He sorted out her letters, and placed them with her picture in a secret drawer, for he had a lingering fondness for his old sweetheart, pretty Gussie, the famous novelist.

"I will just keep these," he said. "I don't believe Kathleen would care, for she reads and loves Gussie's novels. And if anything should happen that I do not marry Kathleen—and it was strange the way she acted about Chainey—I should like to know I have these still."

He gathered all his mementoes and, with a genuine sigh, flung them upon the glowing blaze.

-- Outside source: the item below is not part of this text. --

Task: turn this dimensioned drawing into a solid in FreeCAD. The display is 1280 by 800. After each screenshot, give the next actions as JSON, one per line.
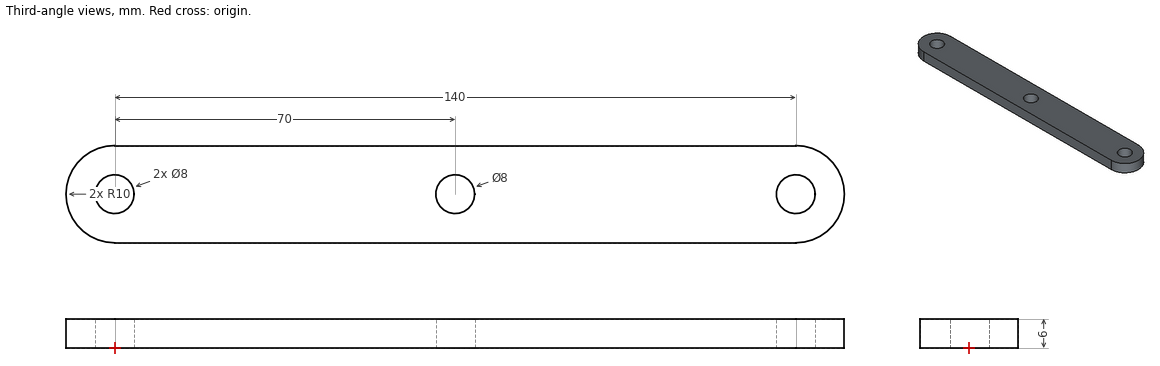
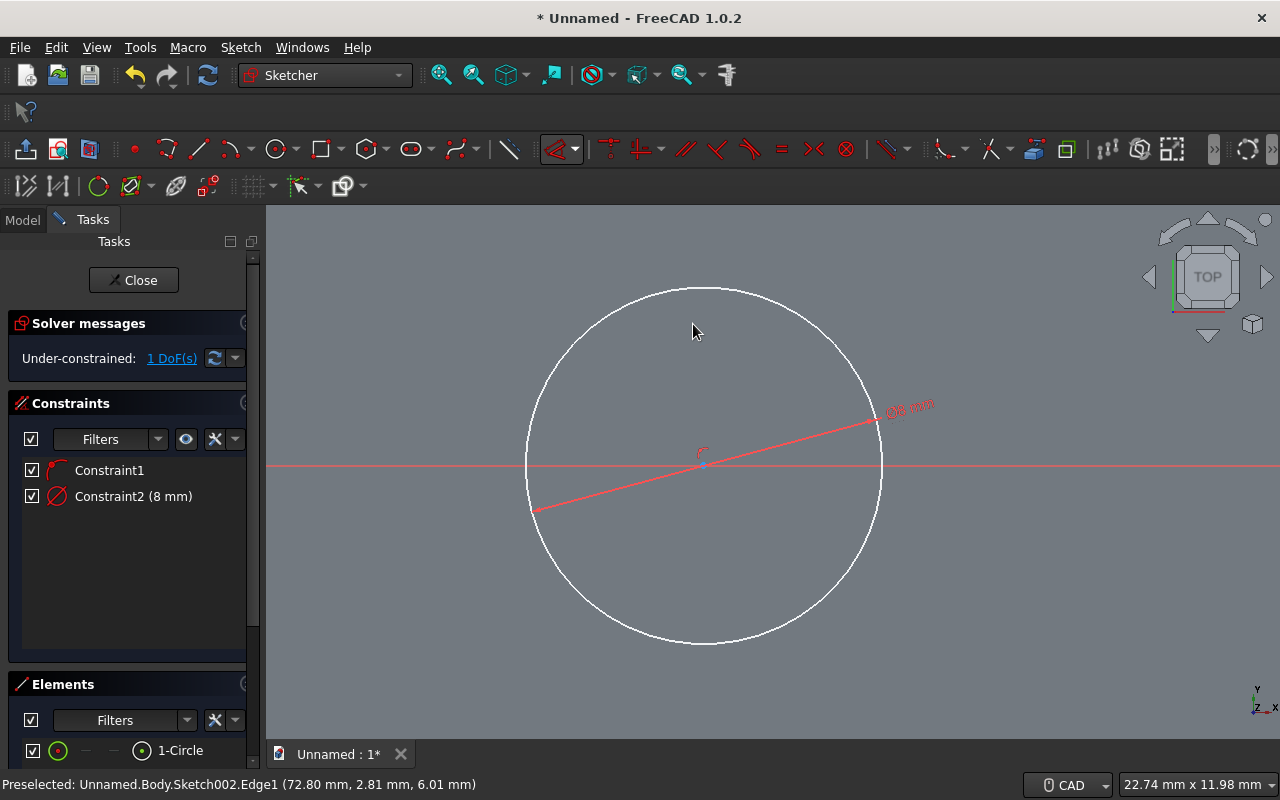
{"action": "left_click", "coordinate": [704, 466]}

"It is but just to Kathleen," he said, trying to stifle his regret.

 
"Back the mists of years are rolling
As these relics of the past,
With a wondrous fascination,
Have their spells around me cast.
Crowds of tender recollections
Fill my eyes with unshed tears;
Dimmer grows the glowing future—
Dimmer till it disappears."
 

Teddy had a warm heart, and it was no disloyalty to Kathleen that made him sigh so sadly. He would not have exchanged her for any other girl he had ever loved; but somehow the thought of Gussie haunted him. She had been his first love, and it was a lover's quarrel that had driven them asunder. That was several years ago, and now she was married and a shining literary light: but it was quite certain that if ever Kathleen had a rival in Teddy's thoughts, it would be this one lost love.

A loud rap at the door startled him. It was Jack Wren, who entered in haste with an excited face.

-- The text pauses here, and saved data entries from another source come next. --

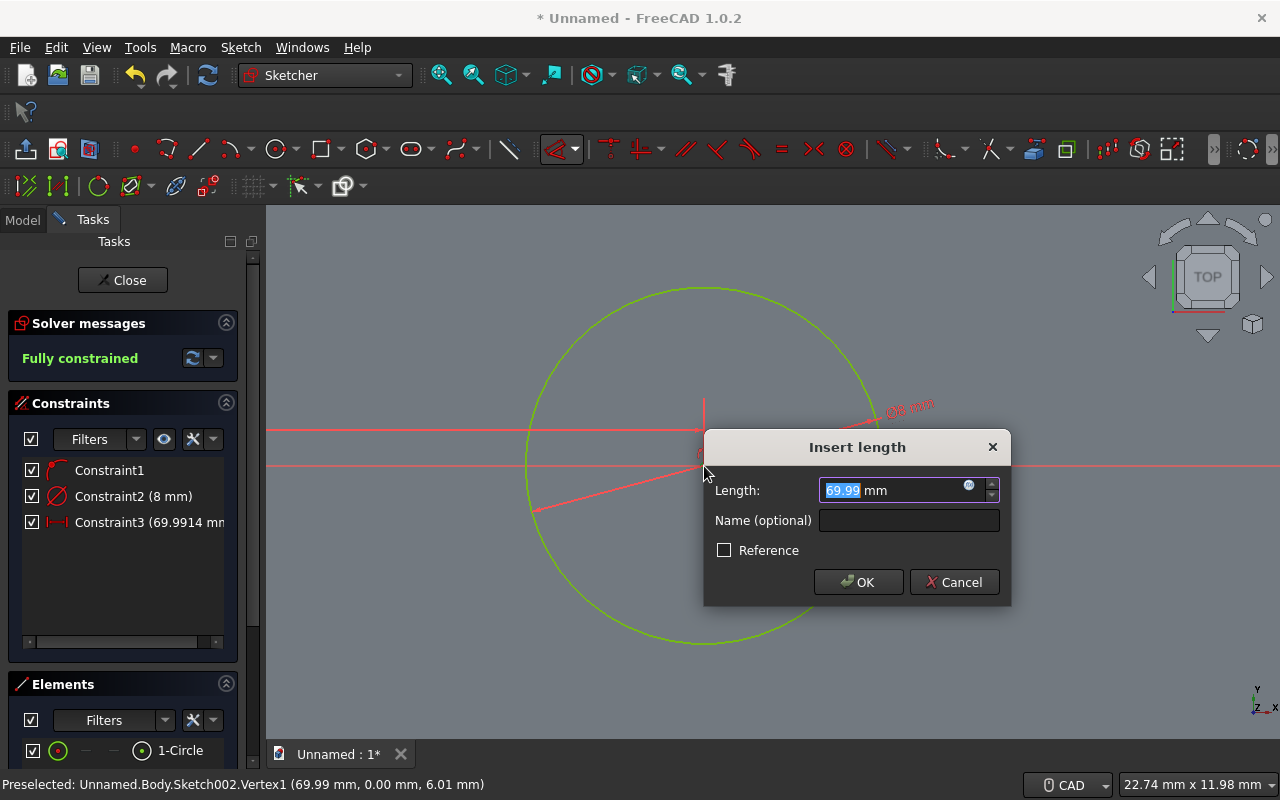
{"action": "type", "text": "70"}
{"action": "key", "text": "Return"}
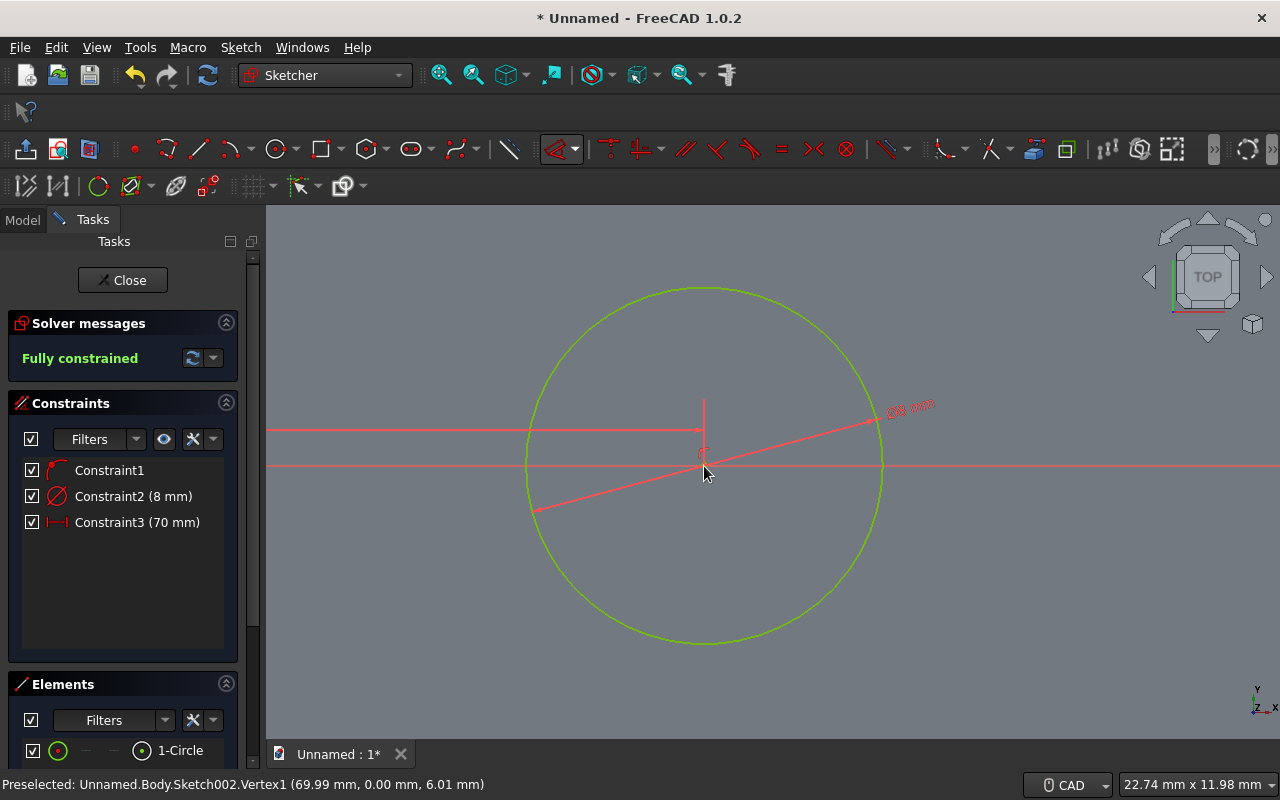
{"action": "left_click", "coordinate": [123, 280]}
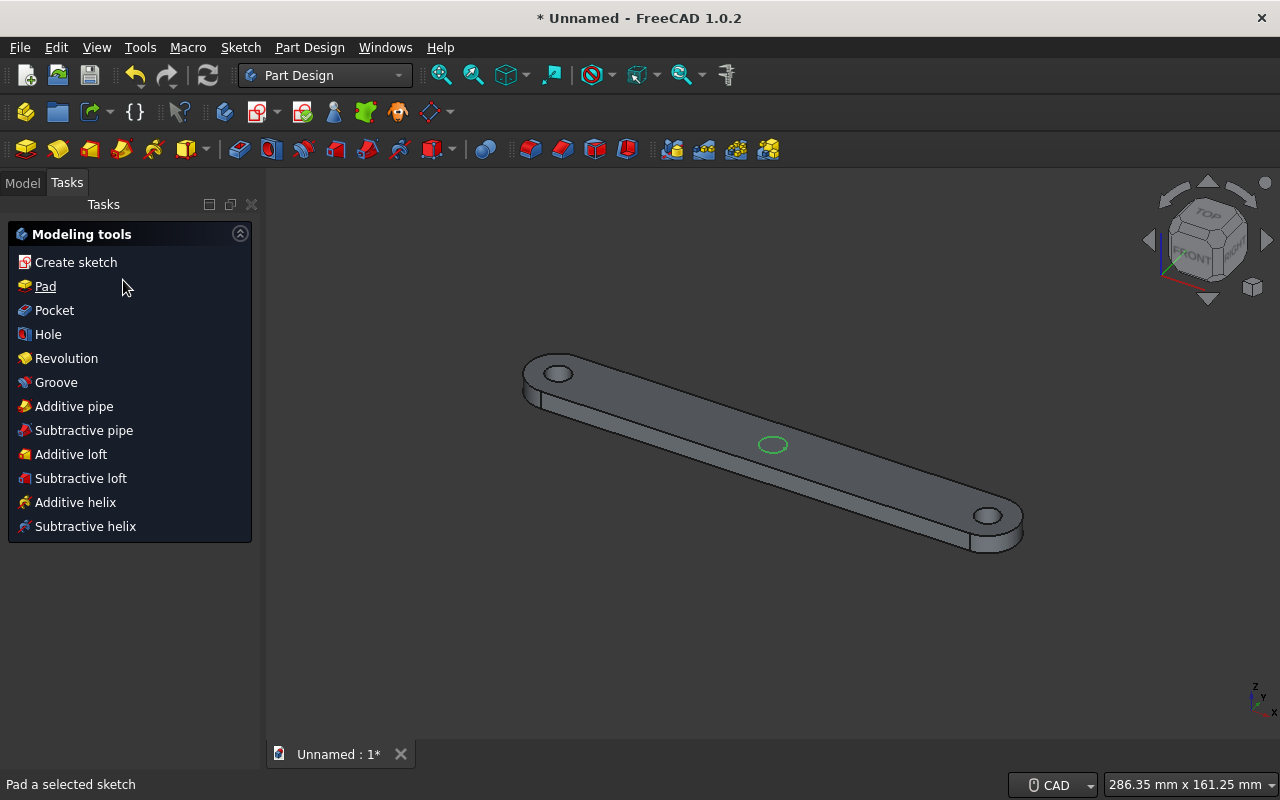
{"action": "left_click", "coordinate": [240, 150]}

"I had quite given you up, Mr. Wren," said Teddy, startled out of his tender recollections.

"Darrell, come with me. We have no time to lose. I have made a startling discovery. I have a cab waiting below, and you must come with me to the rescue of one you love, for she is at this moment in peril of her life! I have been on Ivan Belmont's track ever since I saw you, and he and Fedora, who escaped from the prison when the cyclone shattered it, are together now at Cooper's saw-mill, in Wild Cat Glen, plotting a terrible crime!" breathlessly answered Jack Wren.

CHAPTER LXVIII.
IN MORTAL PERIL

 
Listen to the water-wheel
All the live long day—
How the clinking of the mill
Wears the hours away.
 
—Old Song.

People always wondered why old Cooper ever built his saw-mill in so wild a place as that lonely glen; but the scene, the crazy old building, and the strange old man, all seemed to chime together, and no one was surprised that when he died he expressed the wish to be buried in the glen, close to the old mill, that his dreamless rest might be soothed by the sound of the grinding wheel day by day. Madame Rumor said that the old man's ghost haunted the wild, forbidding gorge, and Kathleen shuddered with dread as she climbed up the rocky path, with the cascade tumbling wildly beneath, on her rendezvous with her unknown correspondent. She had come within half a mile in a cab, which she left waiting for her while she made the rest of the journey on foot. To escape Helen's kind inquiries, she had said she was going to spend the night with Mrs. Stone, which she really intended doing on her return.

How gloomy the old mill looked in the pallor of the swiftly falling night! All winter the snows had held it bound in an icy thrall, but now the April sun had sent the mass of foaming, dashing water tumbling over the falls, and turned the old saw. What a scene for a crime! thought Kathleen, with a thrill of superstitious dread, as she hurried on in the deepening gloom, casting furtive glances about her, as though she expected to see Cooper's disembodied spirit hovering near. Frightened and nervous, she half regretted that she had come, and at the hooting of an owl in the tree near by, she uttered a frightened scream which rang through the gloomy glen in hollow, reverberating echoes, and fell prostrate on the ground.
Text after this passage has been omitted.